BEGIN Data for this exercise
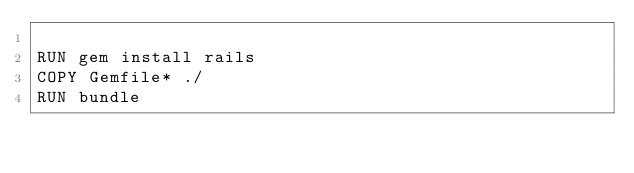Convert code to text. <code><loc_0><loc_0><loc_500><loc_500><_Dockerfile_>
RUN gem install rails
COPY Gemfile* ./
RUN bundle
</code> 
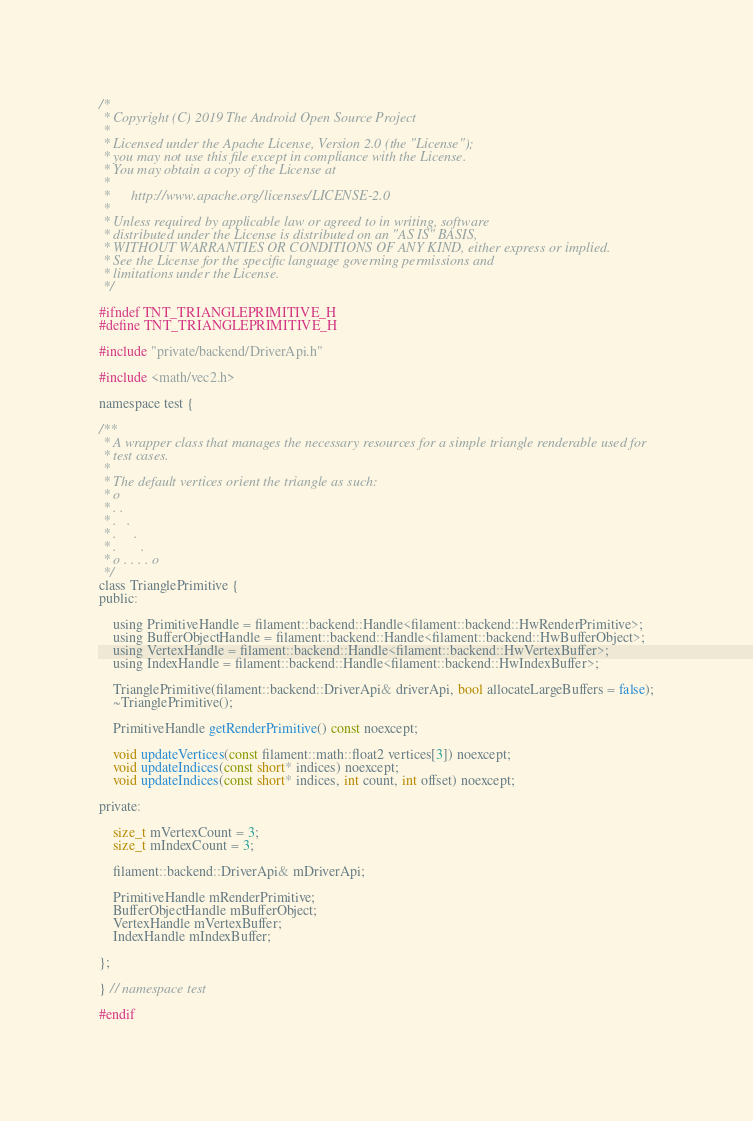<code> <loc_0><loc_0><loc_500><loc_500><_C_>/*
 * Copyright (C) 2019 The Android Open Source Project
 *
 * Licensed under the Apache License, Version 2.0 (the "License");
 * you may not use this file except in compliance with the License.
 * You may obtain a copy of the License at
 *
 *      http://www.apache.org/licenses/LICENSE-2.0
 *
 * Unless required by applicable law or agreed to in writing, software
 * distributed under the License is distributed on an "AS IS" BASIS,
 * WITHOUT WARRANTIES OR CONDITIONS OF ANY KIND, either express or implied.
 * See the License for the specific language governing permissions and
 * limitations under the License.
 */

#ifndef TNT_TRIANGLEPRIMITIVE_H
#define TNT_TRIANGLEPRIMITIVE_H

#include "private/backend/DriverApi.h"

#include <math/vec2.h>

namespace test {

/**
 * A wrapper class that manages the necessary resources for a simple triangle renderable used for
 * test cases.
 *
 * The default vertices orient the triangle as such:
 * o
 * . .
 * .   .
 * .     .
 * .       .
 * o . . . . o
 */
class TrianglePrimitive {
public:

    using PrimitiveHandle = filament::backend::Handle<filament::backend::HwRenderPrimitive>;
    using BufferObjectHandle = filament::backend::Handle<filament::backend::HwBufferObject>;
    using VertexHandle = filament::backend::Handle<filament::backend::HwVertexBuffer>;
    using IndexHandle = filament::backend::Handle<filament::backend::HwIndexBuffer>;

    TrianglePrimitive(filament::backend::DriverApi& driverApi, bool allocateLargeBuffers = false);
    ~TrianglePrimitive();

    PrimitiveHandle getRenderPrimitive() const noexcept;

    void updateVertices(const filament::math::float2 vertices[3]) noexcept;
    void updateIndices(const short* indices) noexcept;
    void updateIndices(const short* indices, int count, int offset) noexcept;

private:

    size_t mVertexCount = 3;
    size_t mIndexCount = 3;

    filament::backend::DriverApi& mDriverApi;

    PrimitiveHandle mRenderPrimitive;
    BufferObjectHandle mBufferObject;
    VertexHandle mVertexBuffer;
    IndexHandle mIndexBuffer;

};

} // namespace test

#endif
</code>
END Data for this exercise
BEGIN Data for this exercise
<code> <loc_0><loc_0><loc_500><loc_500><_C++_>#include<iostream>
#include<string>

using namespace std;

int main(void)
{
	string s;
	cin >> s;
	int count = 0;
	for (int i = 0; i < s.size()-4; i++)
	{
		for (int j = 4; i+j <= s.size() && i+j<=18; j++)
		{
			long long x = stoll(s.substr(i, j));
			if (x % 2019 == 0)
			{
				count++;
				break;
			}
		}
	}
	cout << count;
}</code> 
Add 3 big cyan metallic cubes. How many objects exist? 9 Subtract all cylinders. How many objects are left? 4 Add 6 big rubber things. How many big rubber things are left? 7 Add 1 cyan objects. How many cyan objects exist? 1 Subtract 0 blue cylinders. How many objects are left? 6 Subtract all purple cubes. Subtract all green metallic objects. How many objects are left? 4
END Data for this exercise
Exercise requirements: The answer should be all lines from the entries above that hold the word "BufferObjectHandle".

Answer box:
    using BufferObjectHandle = filament::backend::Handle<filament::backend::HwBufferObject>;
    BufferObjectHandle mBufferObject;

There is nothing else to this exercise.